- **What to produce**
Once the line with "Numbers: x, y, z, sx, sy, sz, roll, pitch, yaw." is found in the data, output it and each following line exactly, up to and including the line with "toaster: [-0.541,0.454,2.311,0.309,0.209,0.187,15,42,-17]", and nothing before or after.

- **Source data**
^^^^^^^^

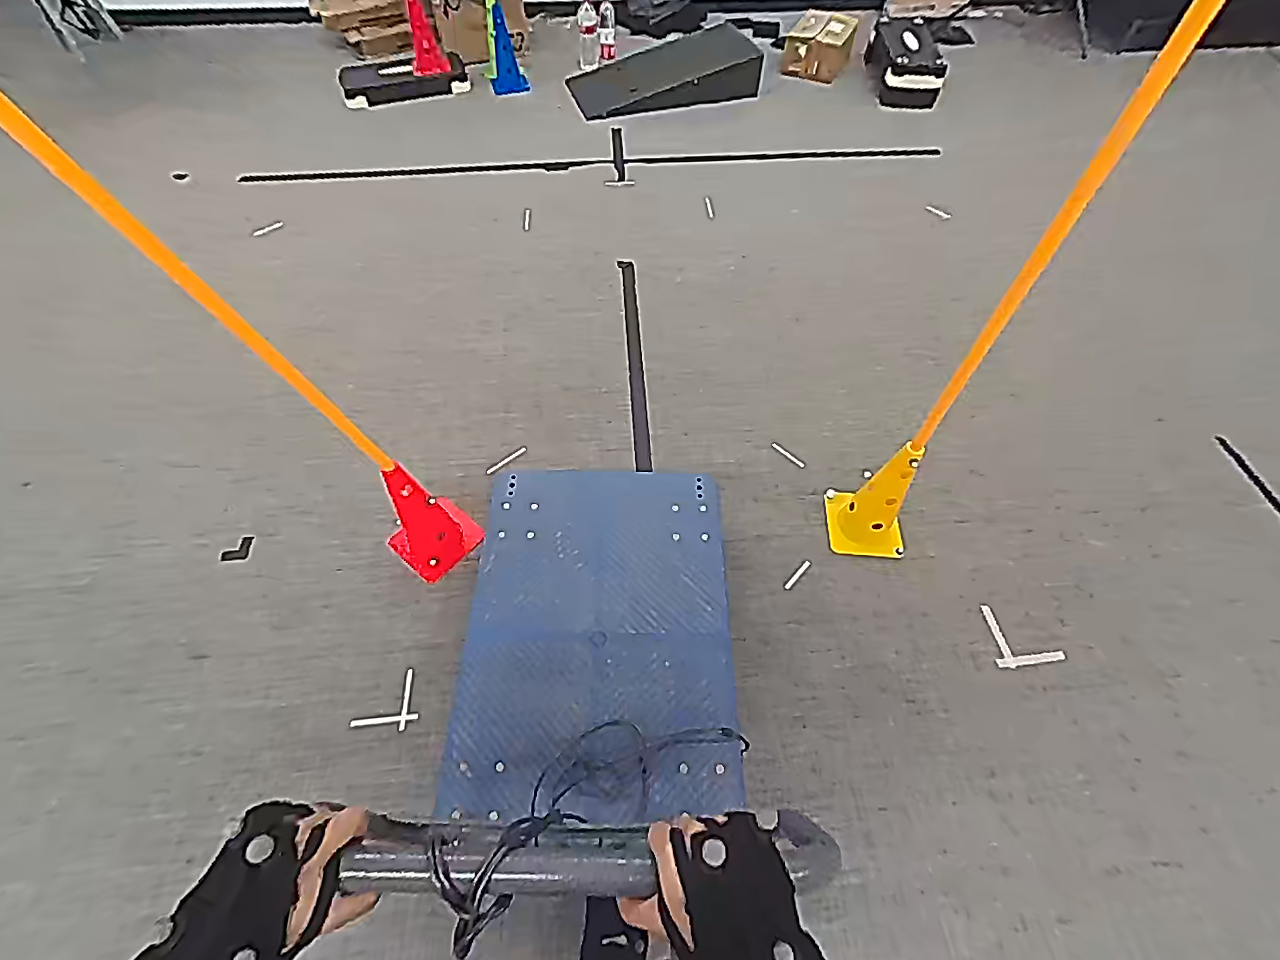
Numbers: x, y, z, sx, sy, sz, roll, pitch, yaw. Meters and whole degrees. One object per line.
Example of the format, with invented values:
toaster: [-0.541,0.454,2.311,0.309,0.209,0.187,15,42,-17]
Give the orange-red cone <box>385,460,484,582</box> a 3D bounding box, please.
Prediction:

^^^^^^^^

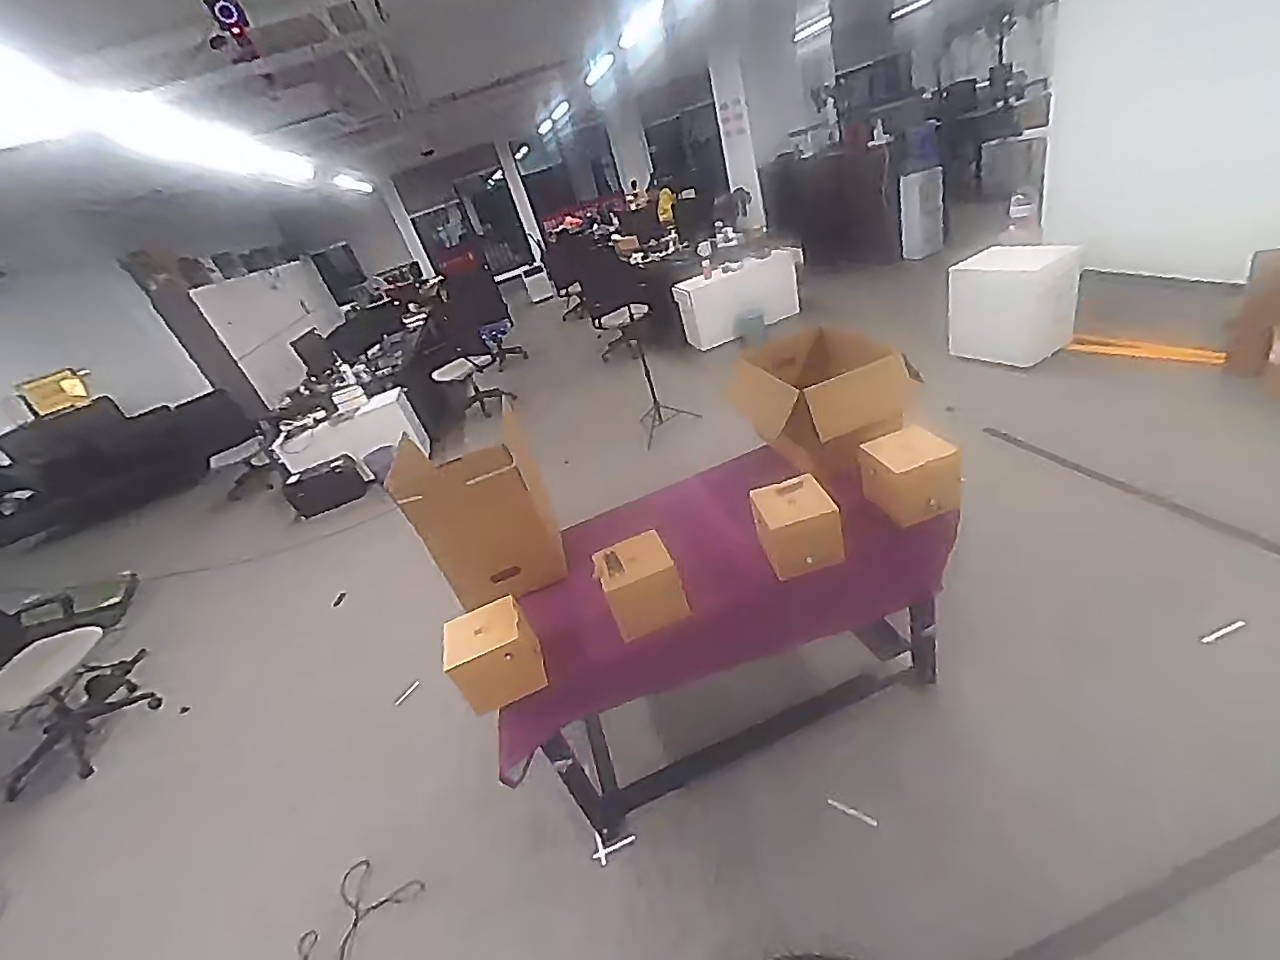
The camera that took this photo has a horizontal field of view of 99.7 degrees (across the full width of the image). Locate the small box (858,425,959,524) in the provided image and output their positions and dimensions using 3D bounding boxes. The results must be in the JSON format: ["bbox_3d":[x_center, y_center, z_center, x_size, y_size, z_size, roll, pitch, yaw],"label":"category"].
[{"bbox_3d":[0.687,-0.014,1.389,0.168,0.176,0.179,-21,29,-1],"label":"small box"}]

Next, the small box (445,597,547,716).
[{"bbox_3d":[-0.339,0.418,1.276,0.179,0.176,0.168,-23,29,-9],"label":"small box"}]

^^^^^^^^

- **Solution to this problem**
Numbers: x, y, z, sx, sy, sz, roll, pitch, yaw. Meters and whole degrees. One object per line.
Example of the format, with invented values:
toaster: [-0.541,0.454,2.311,0.309,0.209,0.187,15,42,-17]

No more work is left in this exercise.